Romaniuk recommends deprioritising category entry points that are:
- Less credible: CEPs that are not as viable based on the brand’s product or service range
- Highly competitive: eliminating cluttered buying situations with lots of competitors advertising the same message
- Low value: some buying situations are less relevant and may generate lower revenue
The sweet spot is to arrive at a shortlist of 5 to 8 category entry points, against which your brand’s performance can be tracked over time.
Better questions
So next time you’re staring at a tracker output that tells you awareness is up two points but says nothing about whether buyers think of you when it matters, ask the better question. What are the category entry points in your market, and which ones is your brand part of?
If you want to see what a tracker calibrated around category entry points actually looks like, that’s what we build at Basis.
And if you want the full case for why most B2B trackers are quietly failing buyers, I made that argument here.
B2B category entry points FAQ
Category entry points are the cues, situations, and triggers that lead a B2B buyer to think about a category and the brands within it. They include functional needs (the problem to be solved), situational moments (system failure, leadership change, demand spike), influence sources (board pressure, end-user feedback), channel contexts (industry events, peer communities), and underlying organisational intent (efficiency, growth, customer experience).

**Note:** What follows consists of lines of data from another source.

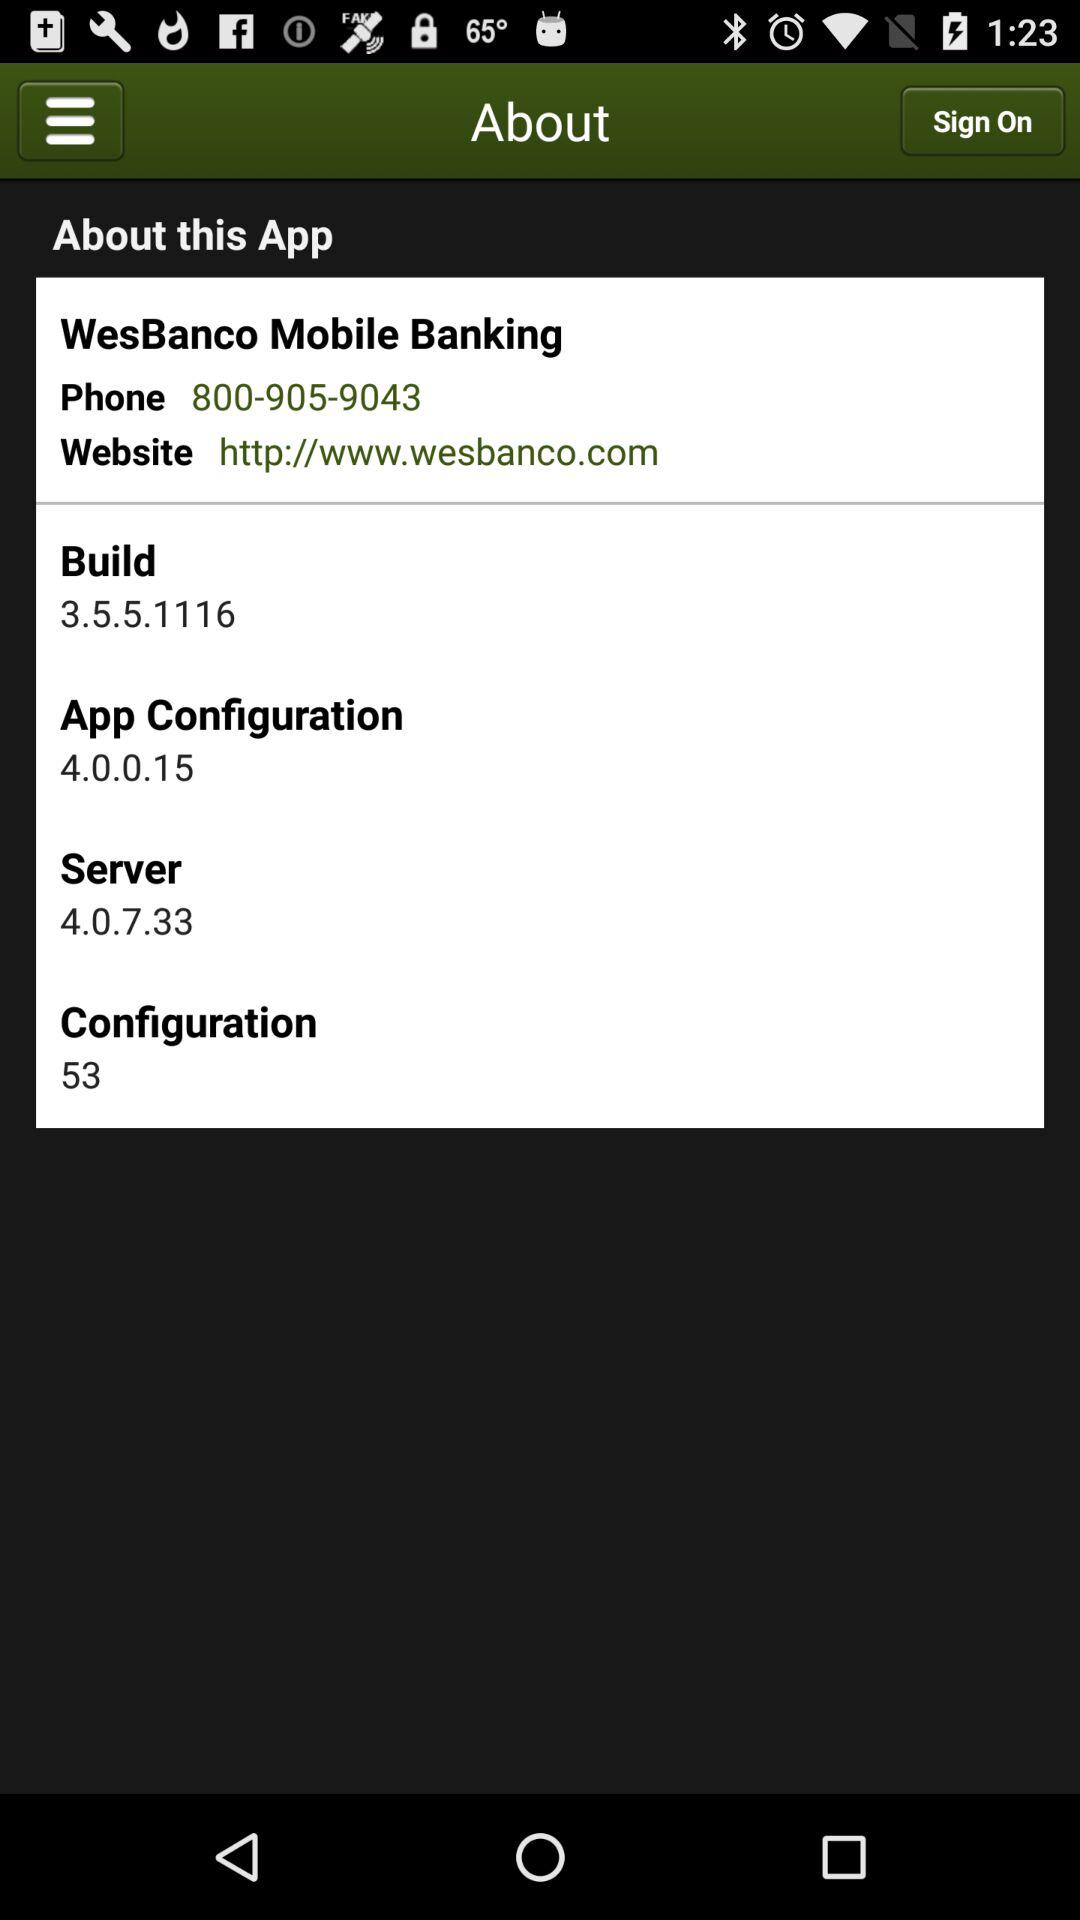How many configurations are there? There are 53 configurations. 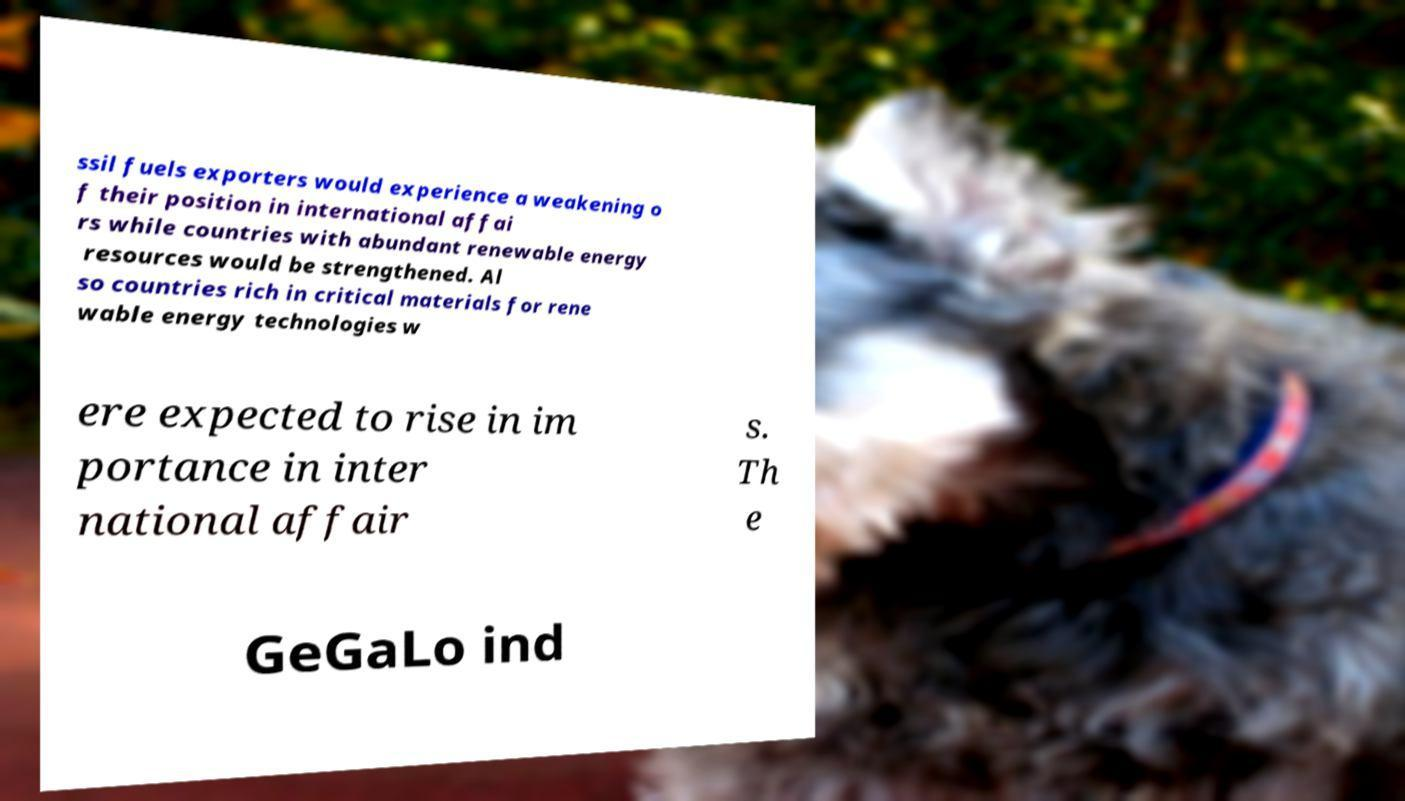For documentation purposes, I need the text within this image transcribed. Could you provide that? ssil fuels exporters would experience a weakening o f their position in international affai rs while countries with abundant renewable energy resources would be strengthened. Al so countries rich in critical materials for rene wable energy technologies w ere expected to rise in im portance in inter national affair s. Th e GeGaLo ind 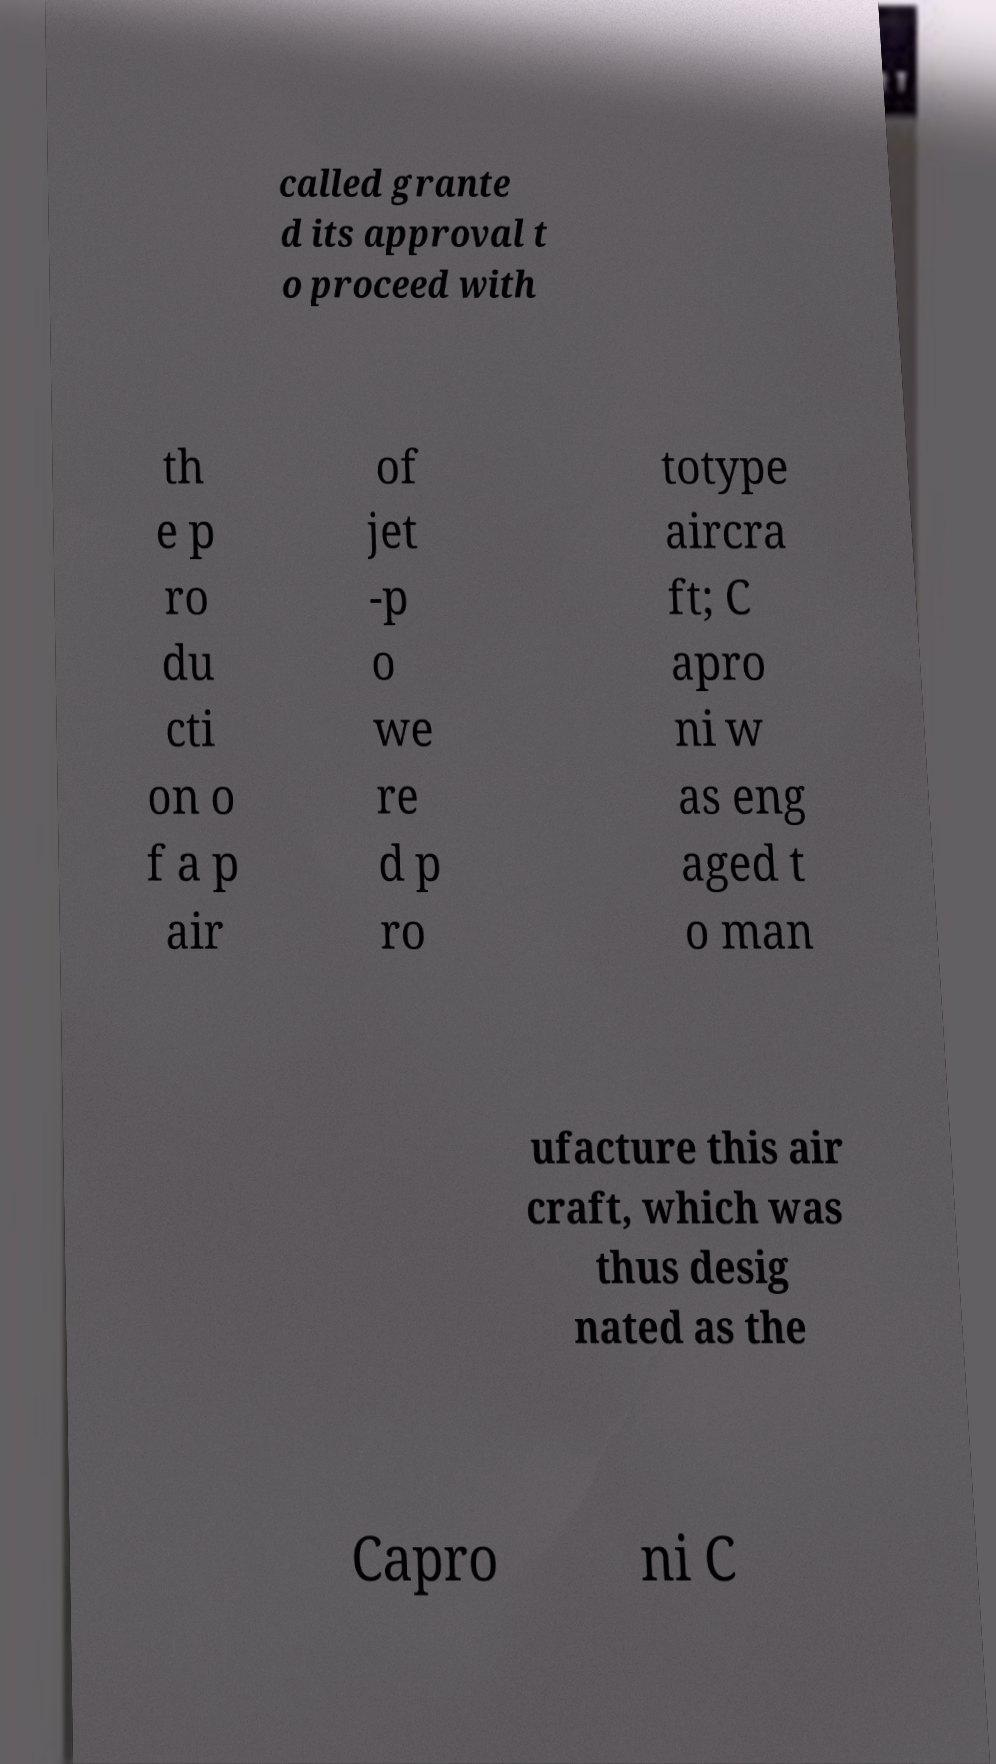I need the written content from this picture converted into text. Can you do that? called grante d its approval t o proceed with th e p ro du cti on o f a p air of jet -p o we re d p ro totype aircra ft; C apro ni w as eng aged t o man ufacture this air craft, which was thus desig nated as the Capro ni C 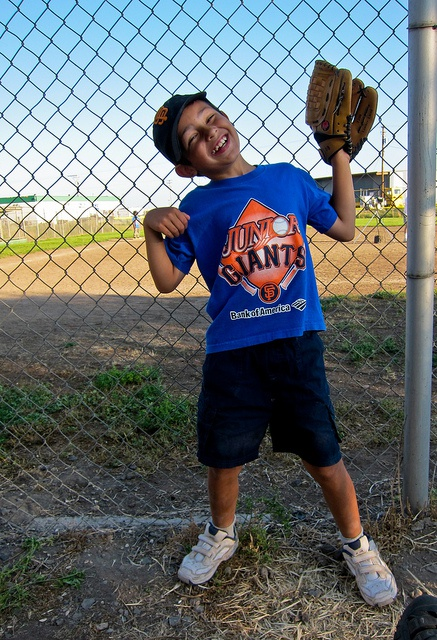Describe the objects in this image and their specific colors. I can see people in lightblue, black, navy, maroon, and darkblue tones, baseball glove in lightblue, black, maroon, and gray tones, and people in lightblue, khaki, lightgray, and tan tones in this image.

The strongest approach triangulates three data sources. First, contextual qualitative interviews with customers, structured to avoid leading questions and using laddering to surface the trigger, purpose, people, functional needs, and channel influences. Second, internal ideation informed by operational data from CRM, website behaviour, support tickets, and market events. Third, analysis of real buyer conversations through sales transcripts, RFPs, win-loss interviews, and online communities. No single source is enough on its own.
Personas describe who the buyer is. Category entry points describe the moments when buyers come into the category. A single persona will move through multiple CEPs depending on situation, role pressure, and timing. Brand trackers built on personas alone miss the entry context that actually drives selection.
Five to eight is the sweet spot. Asking survey respondents to map a brand against twenty or more CEPs produces poor data quality. Romaniuk recommends deprioritising CEPs that are low credibility (not viable for the brand’s product or service range), highly competitive (saturated buying situations with multiple brands advertising the same message), or low value (less commercially relevant). The remaining shortlist is what gets tracked.
Brand awareness measures whether buyers recognise a brand in the abstract. Mental availability measures whether a brand comes to mind in specific buying situations across multiple category entry points. Awareness is a top-line number. Mental availability is a network of associations linked to real buying triggers. The more CEPs a buyer links to a brand, the lower the risk of defection: roughly 5% per additional link, according to Ehrenberg-Bass.